§ Exercise aim: Lines from the one containing "Write a very" through the final line of the entries below: reproduce them exactly, all of them and only them.

Data items:
=== Section Start ===

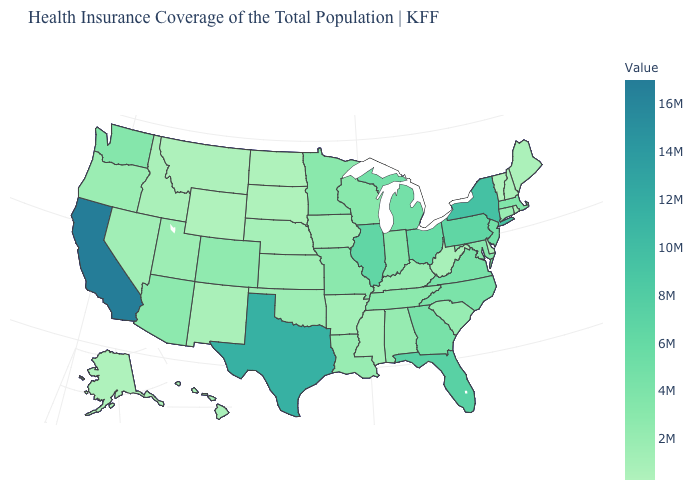Is the legend a continuous bar?
Quick response, please. Yes. Among the states that border Nebraska , which have the lowest value?
Give a very brief answer. Wyoming. Which states have the highest value in the USA?
Quick response, please. California. Does Vermont have the lowest value in the Northeast?
Write a very short answer. Yes. Does Vermont have the lowest value in the Northeast?
Short answer required. Yes. Among the states that border Georgia , which have the highest value?
Be succinct. Florida. Does Ohio have the lowest value in the USA?
Quick response, please. No.

=== Section End ===

§ Result:
Write a very short answer. Yes. Does Vermont have the lowest value in the Northeast?
Short answer required. Yes. Among the states that border Georgia , which have the highest value?
Be succinct. Florida. Does Ohio have the lowest value in the USA?
Quick response, please. No.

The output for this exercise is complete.